Hit Me With Your Best Shot

Participating in HIV vaccine research can help end the epidemic.

By Liz Highleyman

Before he became known as a proponent of pre-exposure prophylaxis (PrEP), Damon Jacobs, a licensed marriage and family therapist in New York City, put his body on the line to help develop another HIV prevention tool. In 2006, he volunteered for STEP, a study of an experimental HIV vaccine (click here).

Damon Jacobs

Damon JacobsCourtesy of Damon Jacobs

Jacobs, 49, learned about the trial because his partner at the time was a participant. “It made a big difference that I knew someone who had done it and that he could tell me about his experience,” Jacobs says. He later applied that lesson when he started the PrEP Facts Facebook group in 2013: “You need that personal connection.”

Jacobs received three injections of the vaccine. “The experience was a little scary,” he recalls, “but I was just so grateful to be part of the solution.” The drawbacks? “There were a lot of appointments, and that got a little tedious after a while.” Plus, the vaccine triggered antibody production, so he tests positive on standard HIV screening tests and instead needs HIV RNA tests.

Unfortunately, not long after he got his third shot, the study was stopped ahead of schedule after a preliminary analysis showed that the vaccine did not reduce the risk of contracting HIV.

“It was really disappointing, but we had been told that this was possibly going to happen,” Jacobs says. “Every vaccine we take for granted today was the result of clinical trials, many of which failed.
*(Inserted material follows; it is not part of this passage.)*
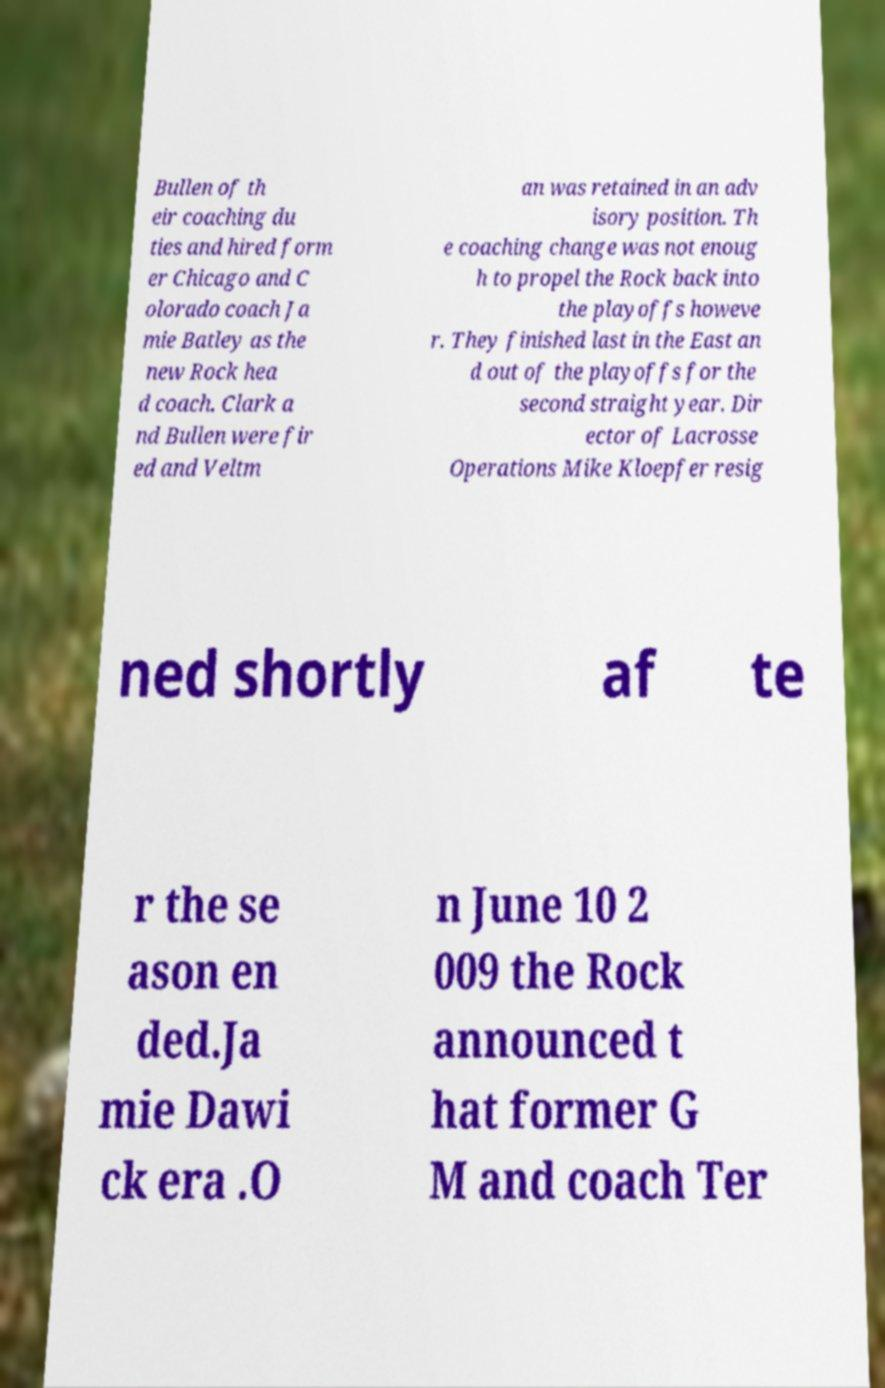For documentation purposes, I need the text within this image transcribed. Could you provide that? Bullen of th eir coaching du ties and hired form er Chicago and C olorado coach Ja mie Batley as the new Rock hea d coach. Clark a nd Bullen were fir ed and Veltm an was retained in an adv isory position. Th e coaching change was not enoug h to propel the Rock back into the playoffs howeve r. They finished last in the East an d out of the playoffs for the second straight year. Dir ector of Lacrosse Operations Mike Kloepfer resig ned shortly af te r the se ason en ded.Ja mie Dawi ck era .O n June 10 2 009 the Rock announced t hat former G M and coach Ter

I don’t even think failed is the right word. They had to find out what didn’t work to help them find out what did work.”

His advice for people thinking about a vaccine study? “Learn the facts; learn the science. There haven’t really been any adverse side effects among people participating in HIV vaccine trials. If you care about helping the world and ending HIV, this is a very meaningful way. Literally, your body can help end HIV in our lifetime.